- Supreme Court of the United States

Decided December 11, 1922
- Full case name: United States v. Lanza
- Citations: 260 U.S. 377 (more)

Holding
- The Eighteenth Amendment did not invalidate state laws consistent with it, so state alcohol charges are just as valid as federal charges. The separate sovereigns doctrine means both the state and the federal government can file charges for the same conduct.

Court membership
- Chief Justice William H. Taft Associate Justices Joseph McKenna · Oliver W. Holmes Jr. Willis Van Devanter · Mahlon Pitney James C. McReynolds · Louis Brandeis George Sutherland

Case opinion
- Majority: Taft, joined by unanimous

Laws applied
- Eighteenth Amendment; Double Jeopardy Clause

= United States v. Lanza =

United States v. Lanza, , was a United States Supreme Court case in which the court held that the Eighteenth Amendment did not invalidate state laws consistent with it, so state alcohol charges are just as valid as federal charges. The separate sovereigns doctrine means both the state and the federal government can file charges for the same conduct. This was the first time that the separate sovereigns doctrine was squarely upheld by the Supreme Court as an exception to the Double Jeopardy Clause.

==Background==

Around April 12, 1920, Lanza and other defendants were charged in the United States District Court for the Western District of Washington with five counts of violating the National Prohibition Act. The first of these charged the defendants with manufacturing intoxicating liquor, the second with transporting it, the third with possessing it, and the fourth and fifth with having a still and material designed for its manufacture.
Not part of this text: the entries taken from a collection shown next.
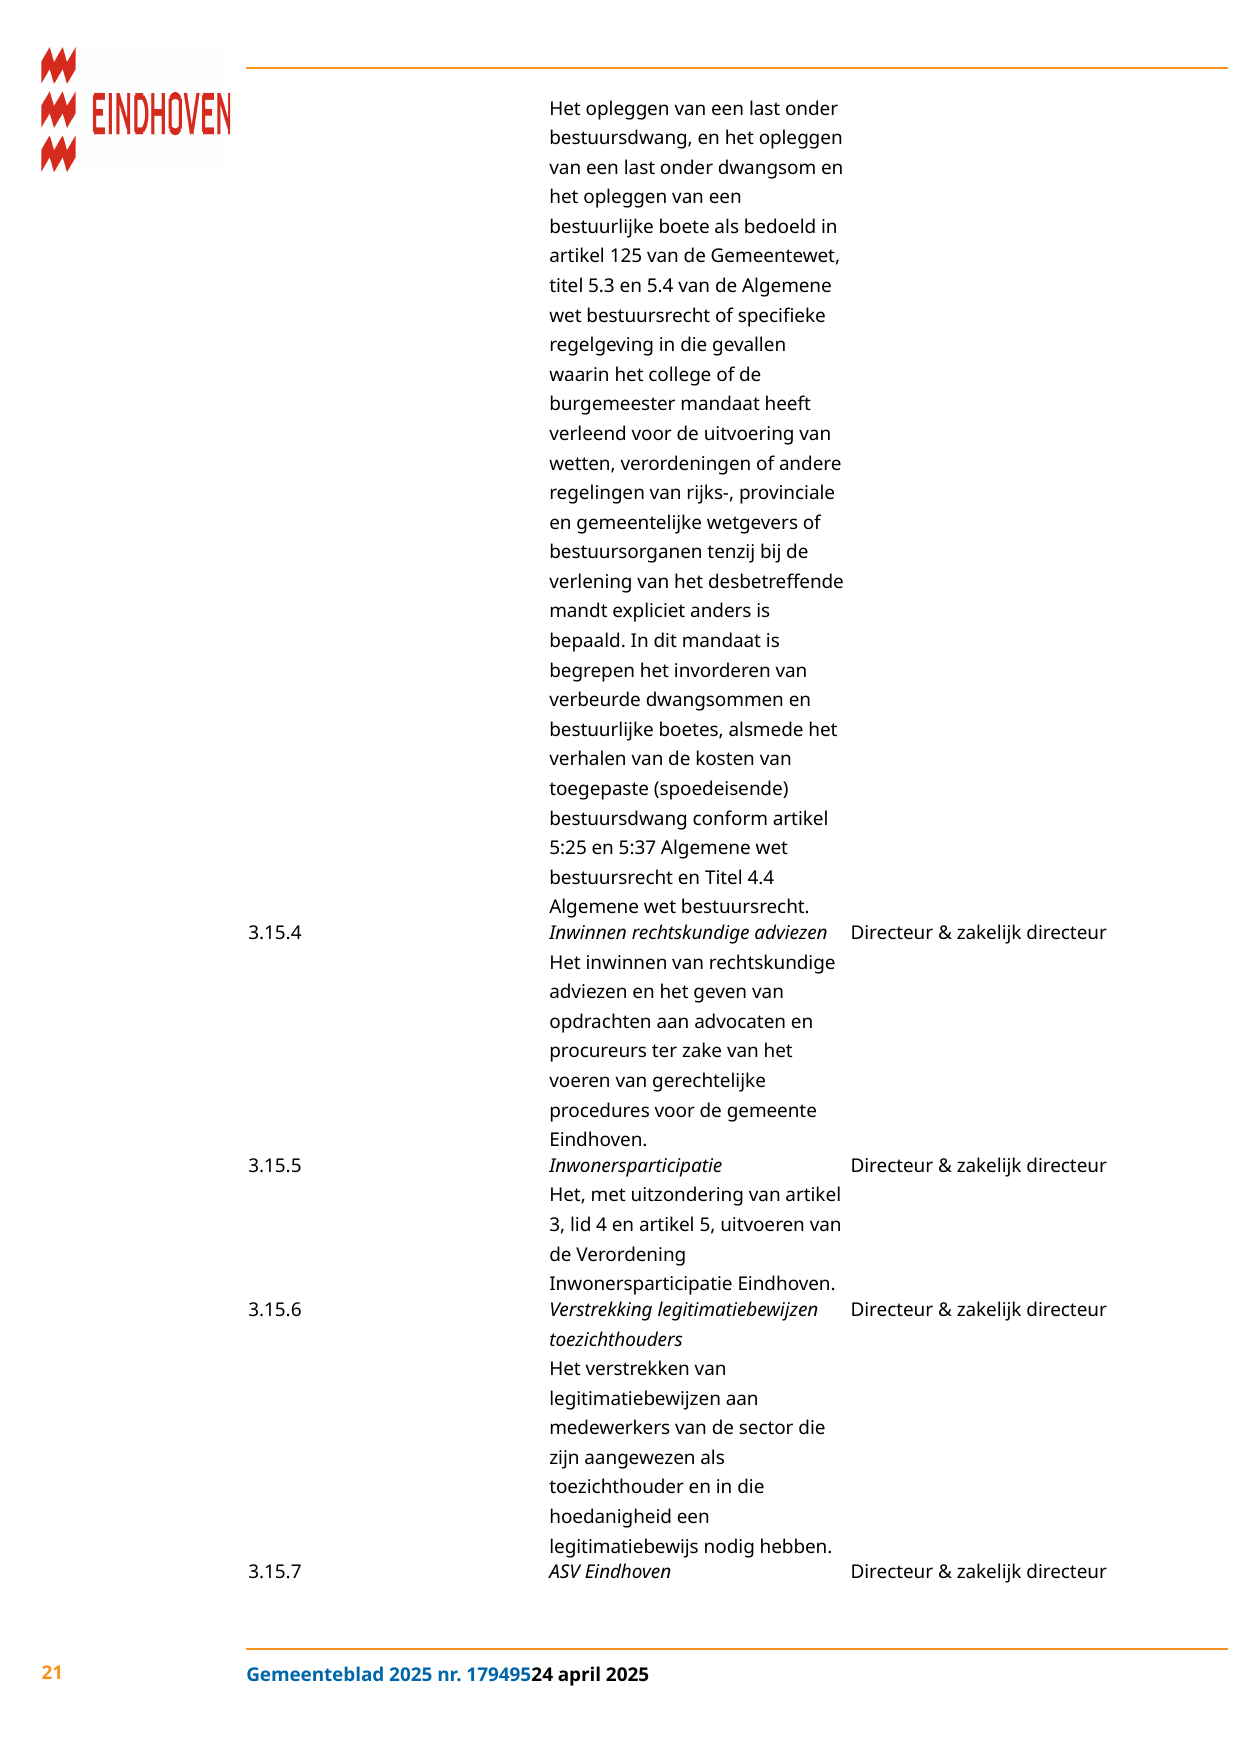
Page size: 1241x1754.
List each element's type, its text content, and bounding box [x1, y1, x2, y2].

table_cell Inwonersparticipatie Het, met uitzondering van artikel 3, lid 4 en artikel 5, uitvoeren van de Verordening Inwonersparticipatie Eindhoven. [549, 1152, 850, 1296]
table_cell ASV Eindhoven [549, 1559, 850, 1584]
table_cell [248, 95, 549, 919]
table_cell Het opleggen van een last onder bestuursdwang, en het opleggen van een last onder dwangsom en het opleggen van een bestuurlijke boete als bedoeld in artikel 125 van de Gemeentewet, titel 5.3 en 5.4 van de Algemene wet bestuursrecht of specifieke regelgeving in die gevallen waarin het college of de burgemeester mandaat heeft verleend voor de uitvoering van wetten, verordeningen of andere regelingen van rijks-, provinciale en gemeentelijke wetgevers of bestuursorganen tenzij bij de verlening van het desbetreffende mandt expliciet anders is bepaald. In dit mandaat is begrepen het invorderen van verbeurde dwangsommen en bestuurlijke boetes, alsmede het verhalen van de kosten van toegepaste (spoedeisende) bestuursdwang conform artikel 5:25 en 5:37 Algemene wet bestuursrecht en Titel 4.4 Algemene wet bestuursrecht. [549, 95, 850, 919]
table_cell Directeur & zakelijk directeur [850, 1296, 1152, 1558]
table_cell Directeur & zakelijk directeur [850, 1559, 1152, 1584]
table_cell Directeur & zakelijk directeur [850, 919, 1152, 1152]
table_cell 3.15.6 [248, 1296, 549, 1558]
table_cell [850, 95, 1152, 919]
table_cell 3.15.5 [248, 1152, 549, 1296]
picture [41, 47, 231, 172]
table_cell 3.15.7 [248, 1559, 549, 1584]
table_cell Directeur & zakelijk directeur [850, 1152, 1152, 1296]
table_cell Inwinnen rechtskundige adviezen Het inwinnen van rechtskundige adviezen en het geven van opdrachten aan advocaten en procureurs ter zake van het voeren van gerechtelijke procedures voor de gemeente Eindhoven. [549, 919, 850, 1152]
table_cell 3.15.4 [248, 919, 549, 1152]
table_cell Verstrekking legitimatiebewijzen toezichthouders Het verstrekken van legitimatiebewijzen aan medewerkers van de sector die zijn aangewezen als toezichthouder en in die hoedanigheid een legitimatiebewijs nodig hebben. [549, 1296, 850, 1558]

On April 16, Washington State charged the same defendants in Whatcom County Superior Court with manufacturing, transporting, and having in possession the same liquor. On the same day, a judgment was entered against each defendant for $250 for manufacturing, $250 for transporting, and $250 for possessing the liquor. The information was filed under a statute of Washington in force before the ratification of the Eighteenth Amendment and passage of the National Prohibition Act.

The defendants insisted that they were being punished twice for the same conduct in violation of the Double Jeopardy Clause. On April 28, federal court dismissed the five counts.

==Opinion of the court==

The Supreme Court issued an opinion on December 11, 1922.